Academy Responds to Member Concerns About Training Environment by Hiring Organizational Development Consultant Who Described BJJ As 'A Grappling Form of Karate'
Somewhere out there, a BJJ gym owner is writing a check to an organizational development consultant who has never set foot on a mat. The consultant has a master's degree, a LinkedIn with 4,000 connections, and a very thorough intake questionnaire. They've audited manufacturing plants, tech startups, and a regional chain of urgent care clinics. Their working definition of BJJ is somewhere between "ground-based wrestling" and "a grappling variant of karate." They are about to be absolutely no help whatsoever.
The last several years have been ugly for the sport's self-image, and the pattern shows no signs of stopping. Checkmat co-founder Leandro Vieira was suspended following allegations of inappropriate behavior with a female athlete that reportedly spanned over a decade. His brother Ricardo followed, facing accusations involving an athlete who was reportedly 16. Atos's André Galvão was removed from his own organization following misconduct allegations from former athlete Alexa Herse. Jacob "Jay Rod" Rodriguez — ADCC silver medalist and B-Team standout — was banned from Simple Man for keeping screenshots of female teammates' Instagram profiles alongside adult content. He was back training there within weeks. The gym's statement is still technically a statement, which is to say it's been absorbed and processed and mostly forgotten by everyone except the people who had to decide whether to keep showing up.
These aren't fringe cases. These are the flagship names. These are the gyms you see at IBJJF Worlds. These are the athletes whose highlight reels get shared. This is the visible, establishment-level infrastructure of the sport.
The community responded with everything: outrage, investigative reporting, defensive lawyering, and in some cases, actual accountability. IBJJF permanently banned Melqui Galvão after his arrest on charges involving minors as young as 12. That's the bar — arrested for crimes against children — before a governing body pulls someone from its events list. Think about that threshold. It's not allegation. It's not misconduct findings. It's arrest on charges so specific and severe that they crack through institutional inertia. That tells you something about the baseline tolerance.

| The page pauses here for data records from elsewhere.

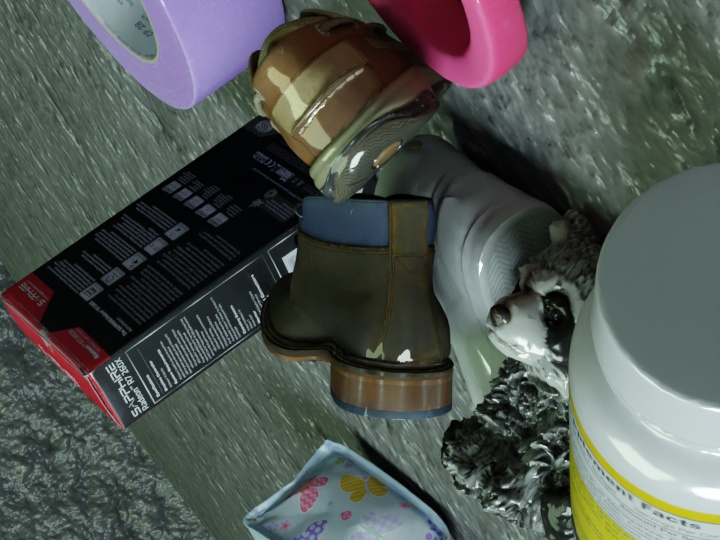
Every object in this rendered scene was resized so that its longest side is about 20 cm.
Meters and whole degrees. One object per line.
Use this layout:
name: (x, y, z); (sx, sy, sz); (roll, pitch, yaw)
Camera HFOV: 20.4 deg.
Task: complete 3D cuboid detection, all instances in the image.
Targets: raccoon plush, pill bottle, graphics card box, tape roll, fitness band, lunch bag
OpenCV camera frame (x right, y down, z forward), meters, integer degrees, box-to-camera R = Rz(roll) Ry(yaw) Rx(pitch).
raccoon plush: (0.119, 0.052, 0.920); (0.097, 0.134, 0.200); (29, -172, 33)
pill bottle: (0.133, 0.053, 0.735); (0.114, 0.114, 0.200); (46, 164, 26)
graphics card box: (-0.093, -0.005, 1.145); (0.125, 0.200, 0.051); (33, 155, 52)
tape roll: (-0.127, -0.188, 1.095); (0.200, 0.066, 0.200); (48, 166, 17)
fitness band: (0.006, -0.162, 0.787); (0.200, 0.037, 0.144); (59, 165, -20)
lunch bag: (0.023, 0.254, 1.559); (0.200, 0.127, 0.170); (29, 155, 45)

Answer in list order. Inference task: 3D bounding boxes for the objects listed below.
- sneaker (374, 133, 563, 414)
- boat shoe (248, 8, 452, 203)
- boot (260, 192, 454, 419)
sneaker: (0.064, 0.022, 0.990); (0.116, 0.074, 0.200); (42, 154, 46)
boat shoe: (-0.008, -0.083, 0.872); (0.074, 0.076, 0.200); (44, -176, -4)
boot: (0.000, 0.000, 0.949); (0.200, 0.075, 0.097); (-148, 59, -68)
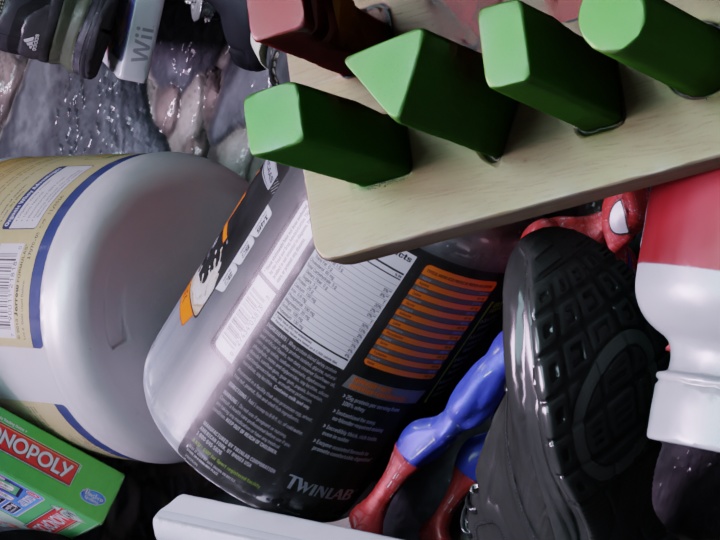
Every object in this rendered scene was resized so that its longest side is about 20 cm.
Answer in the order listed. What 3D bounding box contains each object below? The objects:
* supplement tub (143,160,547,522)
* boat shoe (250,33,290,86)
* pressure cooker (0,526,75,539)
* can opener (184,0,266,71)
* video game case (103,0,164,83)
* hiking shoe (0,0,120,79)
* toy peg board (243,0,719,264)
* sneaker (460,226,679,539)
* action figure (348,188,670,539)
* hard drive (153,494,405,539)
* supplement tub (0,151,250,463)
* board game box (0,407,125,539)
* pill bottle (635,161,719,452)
[{"bbox_3d":[0.000,0.000,1.288,0.201,0.122,0.123,-57,43,25],"label":"supplement tub"},{"bbox_3d":[0.022,-0.136,1.336,0.199,0.074,0.066,-44,54,33],"label":"boat shoe"},{"bbox_3d":[-0.208,0.211,1.461,0.199,0.178,0.177,0,65,52],"label":"pressure cooker"},{"bbox_3d":[-0.056,-0.188,1.472,0.064,0.078,0.201,88,172,-59],"label":"can opener"},{"bbox_3d":[-0.107,-0.206,1.508,0.143,0.018,0.201,-136,57,-70],"label":"video game case"},{"bbox_3d":[-0.173,-0.182,1.508,0.201,0.100,0.076,-100,26,-49],"label":"hiking shoe"},{"bbox_3d":[0.041,-0.126,1.056,0.199,0.098,0.201,-14,77,26],"label":"toy peg board"},{"bbox_3d":[0.074,0.080,1.151,0.090,0.076,0.201,9,114,45],"label":"sneaker"},{"bbox_3d":[0.075,0.058,1.226,0.201,0.065,0.099,-61,34,23],"label":"action figure"},{"bbox_3d":[0.000,0.165,1.261,0.199,0.027,0.133,6,126,52],"label":"hard drive"},{"bbox_3d":[-0.138,0.016,1.440,0.199,0.144,0.146,2,82,52],"label":"supplement tub"},{"bbox_3d":[-0.201,0.095,1.459,0.029,0.134,0.200,-65,12,-19],"label":"board game box"},{"bbox_3d":[0.163,-0.029,1.095,0.112,0.112,0.202,7,86,52],"label":"pill bottle"}]

Given all of that, it makes a certain kind of sense that gym owners are looking for outside help. Someone objective. Someone without the conflict of interest. Someone who doesn't have twenty years of mat time with the coach who's the problem. Someone from the outside world, with credentials and methodology and a portfolio of previous engagements.
Enter the organizational development consultant.
The pitch looks reasonable on paper: assess the culture, conduct confidential surveys, build reporting protocols. Real companies do this when they have HR disasters. Wells Fargo did it. Uber did it. Facebook did it. In those contexts, it sometimes works. Sometimes the consultant identifies patterns, senior leadership actually reads the report, a few policies change, and the next audit shows improvement. The mechanism is there. The incentive structure can align. It's possible.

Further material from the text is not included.